SE CUENTA EL FIN DE ESTA VERDADERA HISTORIA


Á los primeros albores de la mañana siguiente ya todos estábamos en movimiento y á la obra, porque lo cierto es que no era trabajo tan sencillo el trasporte de toda aquella masa de oro por cerca de una milla, en tierra, y por tres millas, en el bote, hasta llegar á La Española, siendo como éramos tan escaso en número los operarios. Los tres rebeldes escapados la víspera y que forzosamente permanecían aún en la isla, no nos dieron ningún quehacer. Pusimos un centinela en el declive de la loma para evitarnos una sorpresa, y por lo demás, nos tranquilizaba la idea de que ya no deberían tener mucha gana de pelear después de los sucesos de cuatro días infructuosos para ellos.

Con esta creencia, la obra del trasporte fué activada vigorosamente. Gray y Ben Gunn iban y venían con el bote, mientras los restantes, durante sus ausencias apilaban oro en la playa. Dos de aquellas barras atadas con un cabo de cuerda hacían una carga suficiente para un hombre formal, y puede creérseme que todos se sentían contentos hasta no poder más de ir marchando lentamente con semejante carga. Por lo que hace á mí, como no les era muy útil para el acarreo, me ocuparon todo el día en la gruta en empacar las monedas en cajas y sacos que se habían traído exprofeso para el objeto en La Española.

Como en la talega de Billy Bones, había allí la más extraña colección de monedas, sólo que en cantidad infinitamente superior, por de contado, y en mucha mayor variedad, al grado de que no creo haber gozado más en mi vida que al separarlas y arreglarlas. Monedas francesas, inglesas, españolas, portuguesas, Jorges y Luises, doblones y dobles guineas, moidores y zequíes, con los retratos de todos los soberanos de Europa, lo menos por un siglo; y extrañas piezas orientales marcadas con lo que me parecía haces de cuerdas ó trocitos de telarañas, piezas circulares, y otras agujereadas como si se las hubiera destinado á llevarse al cuello á guisa de collar; casi todas las variedades de moneda conocida, en una palabra, tenían sus representantes en aquella colección. En cuanto al número, tengo por cierto que eran tan incontables como las hojas que el otoño esparce; de tal suerte que la espalda me dolía ya terriblemente de tanto estar inclinado y las uñas me punzaban con el trabajo de la separación.

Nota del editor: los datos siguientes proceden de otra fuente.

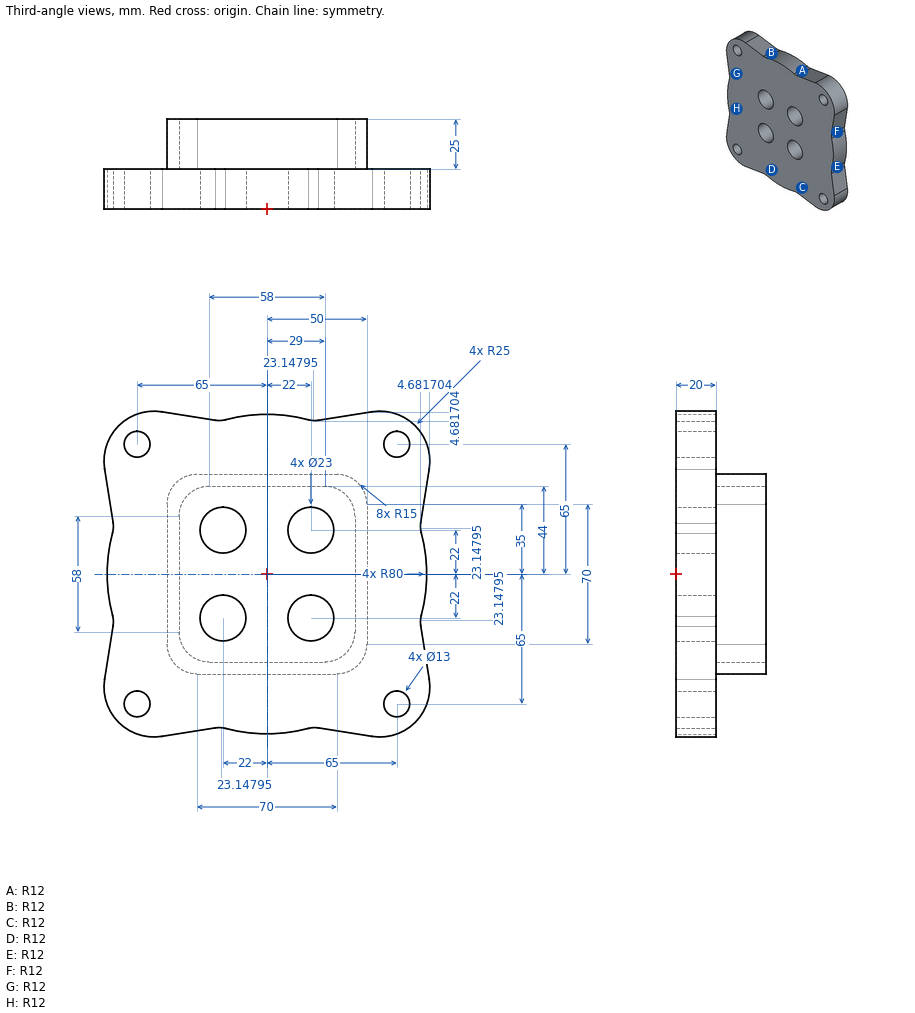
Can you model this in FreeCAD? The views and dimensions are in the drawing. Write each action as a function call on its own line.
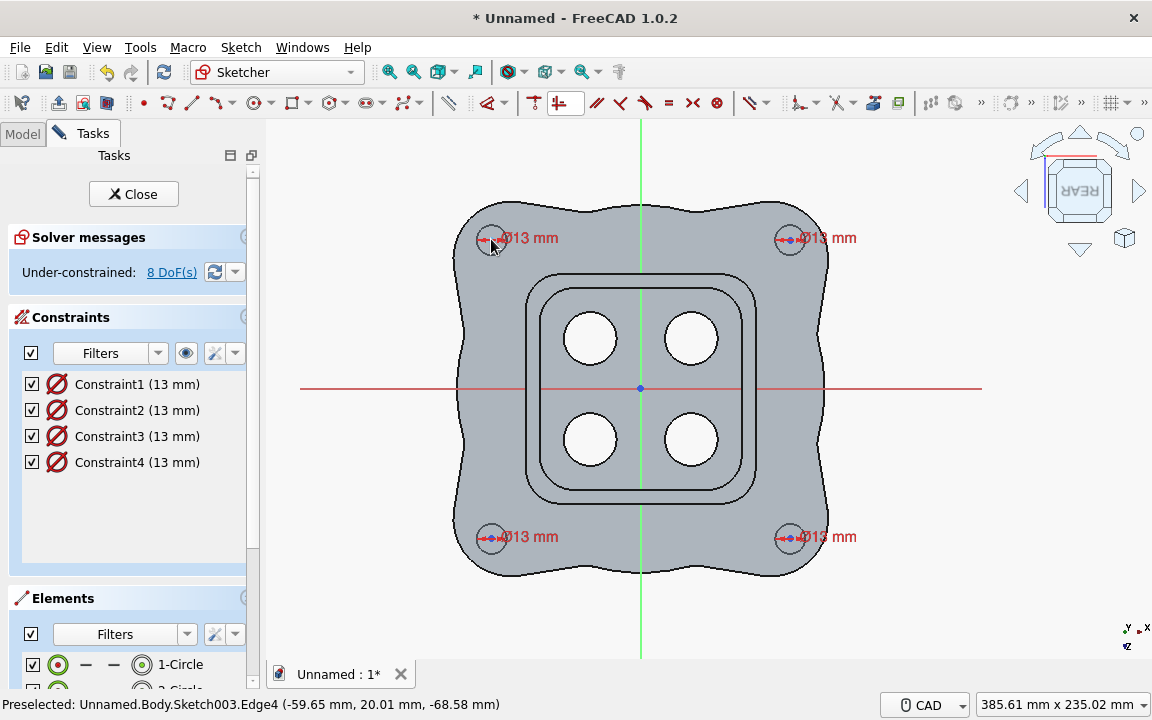
click(790, 240)

Un día y otro día repetíamos el mismo trabajo y á la llegada de cada noche una verdadera fortuna se había llevado á bordo de La Española, en tanto que otra fortuna más quedaba aún esperando para el día siguiente. En cuanto á los tres rebeldes sobrevivientes, para nada nos molestaron.

Por último—y creo que esto fué la tercera noche—el Doctor y yo vagábamos por el declive de la loma en el punto en que pueden dominarse desde ella todas las partes bajas de la isla, cuando en medio de la oscuridad de la noche el viento trajo hasta nosotros un rumor entre ahullido y canto. Fué una mera ráfaga lo que llegó á nuestros oídos y luego se restableció de nuevo el silencio.

—Dios los tenga de su mano, dijo el Doctor; esos son los rebeldes.

—¡Borrachos, sí señor!, añadió la voz de Silver tras de nosotros.

Aquí es la oportunidad de decir que á Silver se le había dejado el pleno goce de su libertad y que, á pesar de que tuvo que sufrir diarios y constantes desaires, parecía él considerarse, una vez más, como un dependiente querido y privilegiado. Lo cierto es que era de admirar la prudencia con que sobrellevaba todas sus humillaciones y la invariable urbanidad con que trataba de congraciarse con todos. Sin embargo, tengo entendido que nadie lo trató mejor que si hubiese sido un perro; á no ser Ben Gunn, que continuaba sintiendo un terror pánico por su antiguo contramaestre, y yo que, en realidad, tenía algo que agradecerle, si bien es cierto que aun en esto podía yo haberme sentido tan predispuesto como otro cualquiera en contra suya, puesto que recordaba muy bien haberle visto meditando en la meseta una nueva traición en contra mía. En virtud de esto, no fué sino muy ásperamente que el Doctor le respondiera:

—Borrachos ó delirando, ¿qué sabe Vd.?

—Tiene Vd. razón que le sobra, replicó John. Pero lléveme el diablo si ni á mí ni á Vd. nos importa que sea lo uno ó lo otro.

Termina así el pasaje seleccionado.